Give the entries back exactly, dropping each image.

(Collected data)
================================

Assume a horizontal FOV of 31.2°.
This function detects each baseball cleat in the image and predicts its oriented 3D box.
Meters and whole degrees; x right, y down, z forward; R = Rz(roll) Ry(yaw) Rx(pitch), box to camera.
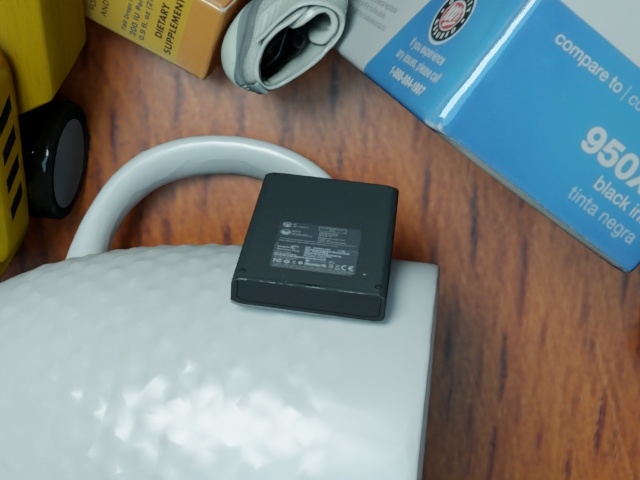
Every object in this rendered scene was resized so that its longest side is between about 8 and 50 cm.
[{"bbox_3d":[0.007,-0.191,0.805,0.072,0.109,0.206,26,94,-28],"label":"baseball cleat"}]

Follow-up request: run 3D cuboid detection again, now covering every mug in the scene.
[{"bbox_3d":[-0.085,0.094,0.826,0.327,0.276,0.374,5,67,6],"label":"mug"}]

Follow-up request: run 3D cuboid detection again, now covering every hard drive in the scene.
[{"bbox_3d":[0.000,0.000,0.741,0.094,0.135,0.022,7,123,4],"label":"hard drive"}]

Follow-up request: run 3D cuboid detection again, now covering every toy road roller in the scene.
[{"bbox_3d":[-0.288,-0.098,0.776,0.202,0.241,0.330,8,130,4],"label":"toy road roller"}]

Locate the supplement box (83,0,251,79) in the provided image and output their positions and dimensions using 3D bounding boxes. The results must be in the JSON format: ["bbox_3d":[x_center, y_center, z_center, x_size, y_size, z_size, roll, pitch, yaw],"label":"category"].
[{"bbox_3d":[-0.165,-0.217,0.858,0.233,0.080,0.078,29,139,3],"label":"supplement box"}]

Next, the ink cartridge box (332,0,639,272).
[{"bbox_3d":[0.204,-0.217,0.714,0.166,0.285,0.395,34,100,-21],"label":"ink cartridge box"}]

================================

_Answer for this exercise_
Assume a horizontal FOV of 31.2°.
This function detects each baseball cleat in the image and predicts its oriented 3D box.
Meters and whole degrees; x right, y down, z forward; R = Rz(roll) Ry(yaw) Rx(pitch), box to camera.
Every object in this rendered scene was resized so that its longest side is between about 8 and 50 cm.
[{"bbox_3d":[0.007,-0.191,0.805,0.072,0.109,0.206,26,94,-28],"label":"baseball cleat"}]

Follow-up request: run 3D cuboid detection again, now covering every mug in the scene.
[{"bbox_3d":[-0.085,0.094,0.826,0.327,0.276,0.374,5,67,6],"label":"mug"}]

Follow-up request: run 3D cuboid detection again, now covering every hard drive in the scene.
[{"bbox_3d":[0.000,0.000,0.741,0.094,0.135,0.022,7,123,4],"label":"hard drive"}]

Follow-up request: run 3D cuboid detection again, now covering every toy road roller in the scene.
[{"bbox_3d":[-0.288,-0.098,0.776,0.202,0.241,0.330,8,130,4],"label":"toy road roller"}]

Locate the supplement box (83,0,251,79) in the provided image and output their positions and dimensions using 3D bounding boxes. The results must be in the JSON format: ["bbox_3d":[x_center, y_center, z_center, x_size, y_size, z_size, roll, pitch, yaw],"label":"category"].
[{"bbox_3d":[-0.165,-0.217,0.858,0.233,0.080,0.078,29,139,3],"label":"supplement box"}]

Next, the ink cartridge box (332,0,639,272).
[{"bbox_3d":[0.204,-0.217,0.714,0.166,0.285,0.395,34,100,-21],"label":"ink cartridge box"}]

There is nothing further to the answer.